The below table shows the number of investments for each investor.

df7 <- deals %>%
  select(ID, target_company, sector) %>%
  full_join(investors, by = "ID") %>%
  group_by(investor) %>%  
  dplyr::summarise(nb_of_sector = n_distinct(sector)) %>%
  arrange(desc(nb_of_sector)) %>%
  top_n(10)

knitr::kable(df7, format.args = list(big.mark = ",",scientific = FALSE))
investor nb_of_sector
fonbulucu.com 15
Alesta Yatırım 14
Keiretsu Forum 10
TechOne 9
Kültepe Yatırım 8
Lima Ventures 6
Undisclosed Investor 6
Actera Group 5
Galata Business Angels (GBA) 5
TR Angels 5

CONCLUSION

  • We can see that the first 3 sectors with the most investments, considering the total value, are the E-commerce enabler, Delivery and Logistics and Game sectors. Trendyol and Hepsiburada are the companies that receive the most investment, accounting for 58% of the total investment. The reason for this high rate is that the investment stage of the two companies is “Acquisition”.

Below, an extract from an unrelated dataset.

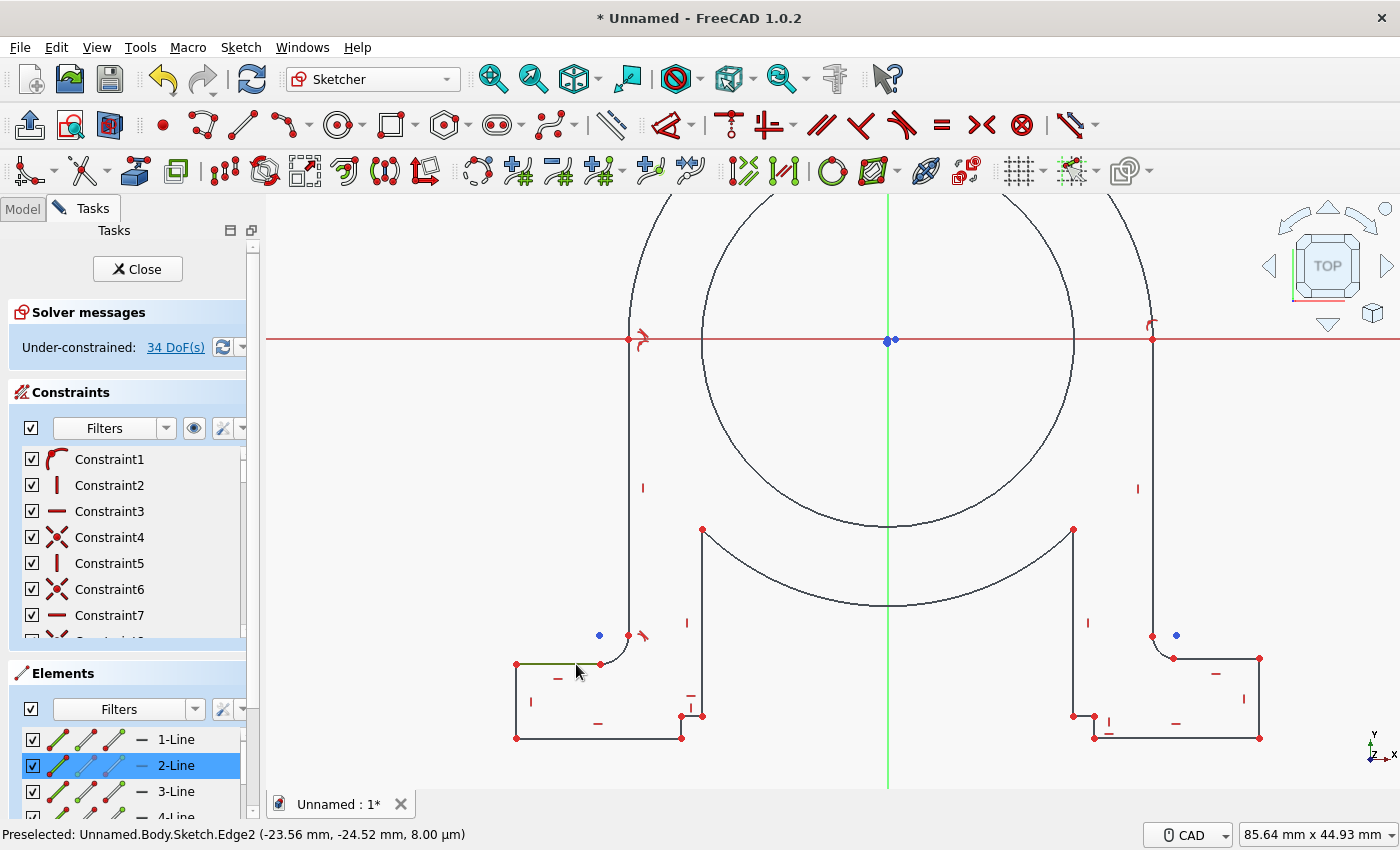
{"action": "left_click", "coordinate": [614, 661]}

  • Although the largest number of investors is in the gaming sector, the investment amount constitutes about 6% of the total investment amount. The main reason for this is that investment stages are mostly “Seed stages”.

  • If we look at the investments where the investor is only from Turkey, it constitutes 5% of the entire investment rate and mostly constitutes the investment stage as the “Seed Stage”.

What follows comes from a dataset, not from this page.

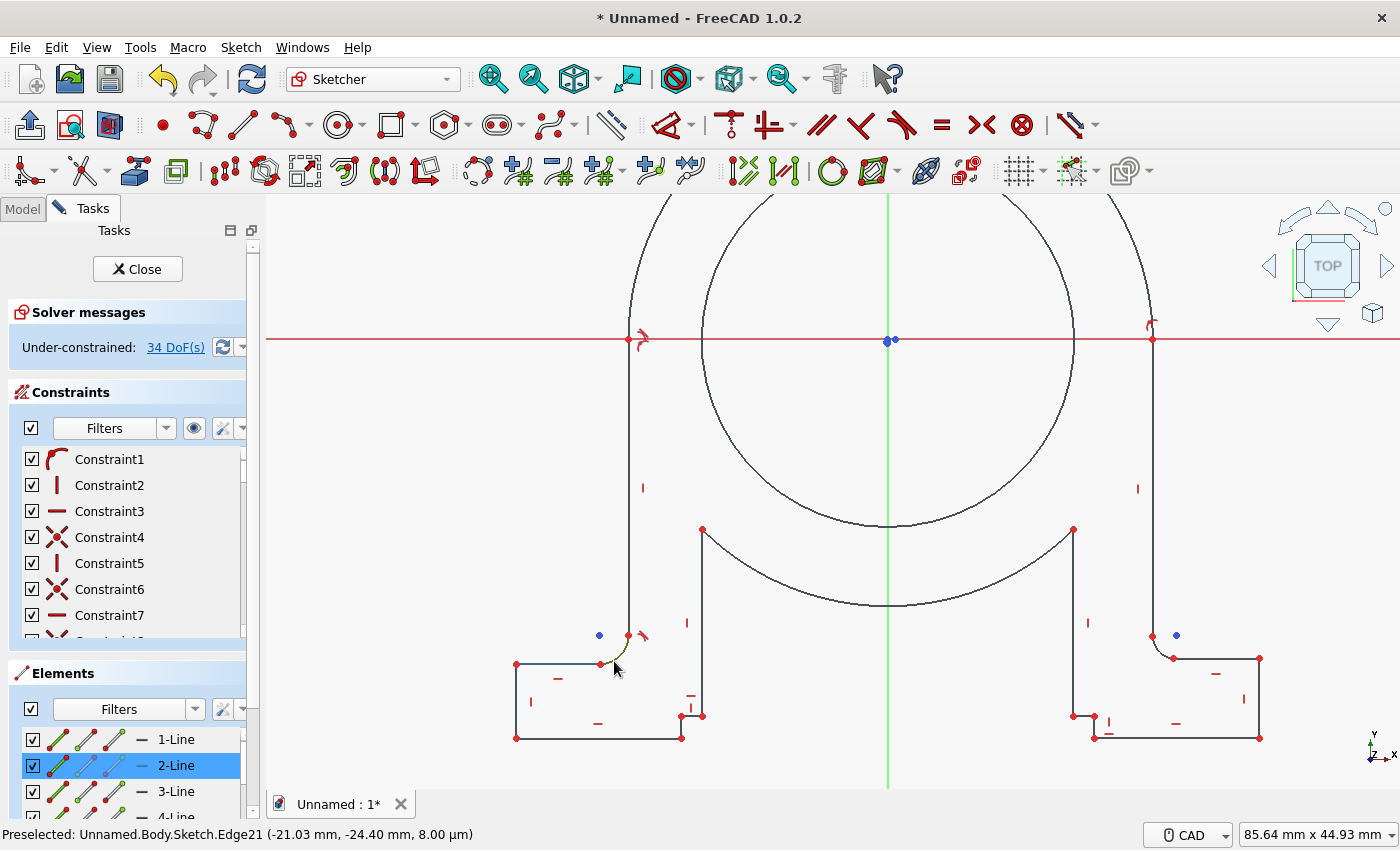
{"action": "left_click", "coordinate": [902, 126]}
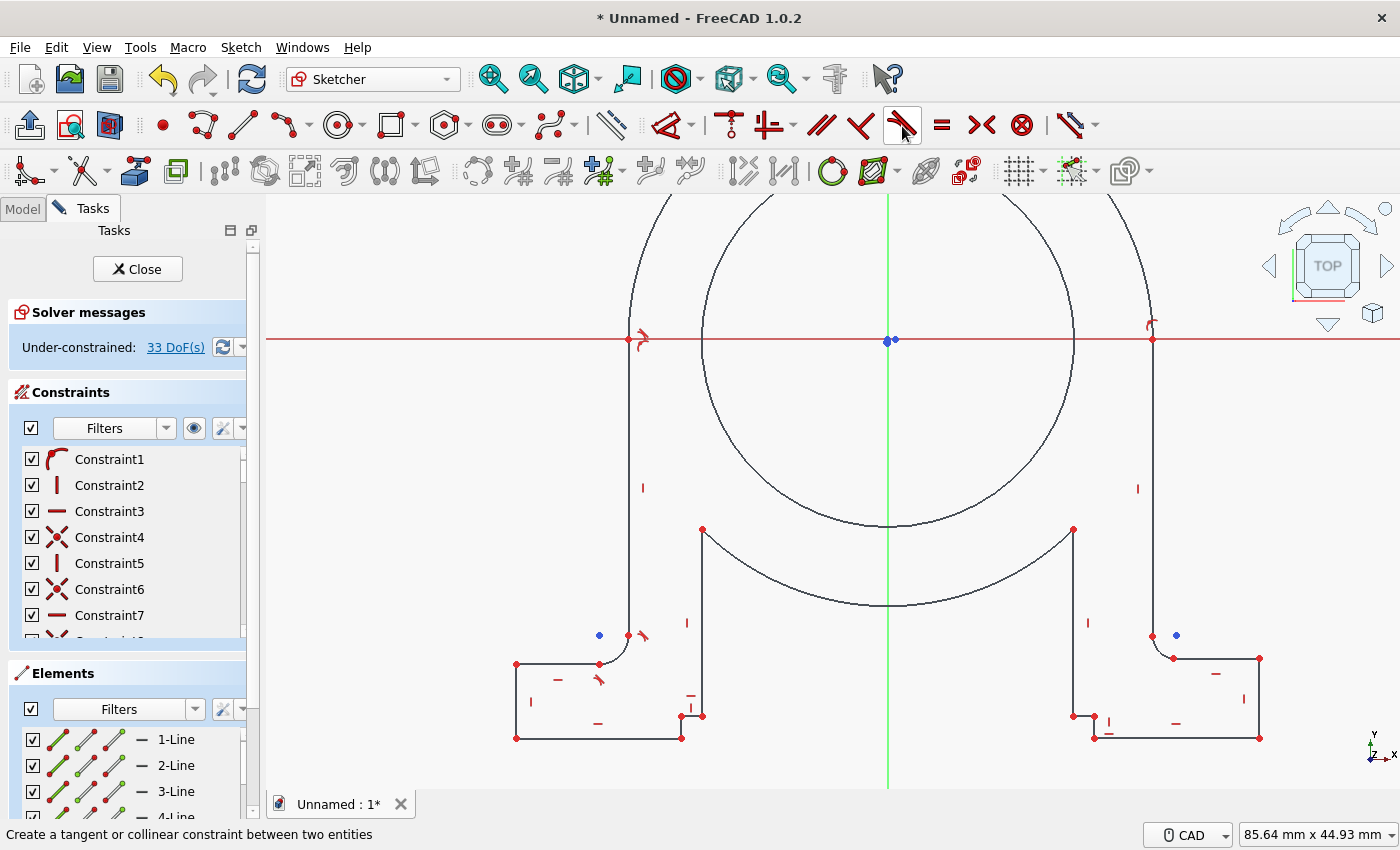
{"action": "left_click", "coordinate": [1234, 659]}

  • When we look at the top 3 companies with the highest number of investors, we see that these are Getir, Dream Games and Akinon. We see that a high percentage of these investors are from outside Turkey.

  • When we look at the companies that invest in more than one sector, we see that these companies are mostly Turkish companies.

  • Finally, although we do not have data from previous years, we think that the pandemic has also affected the sectors invested in in 2021. We see that the E-commerce enabler, Delivery and Logistics sectors have grown significantly with the pandemic.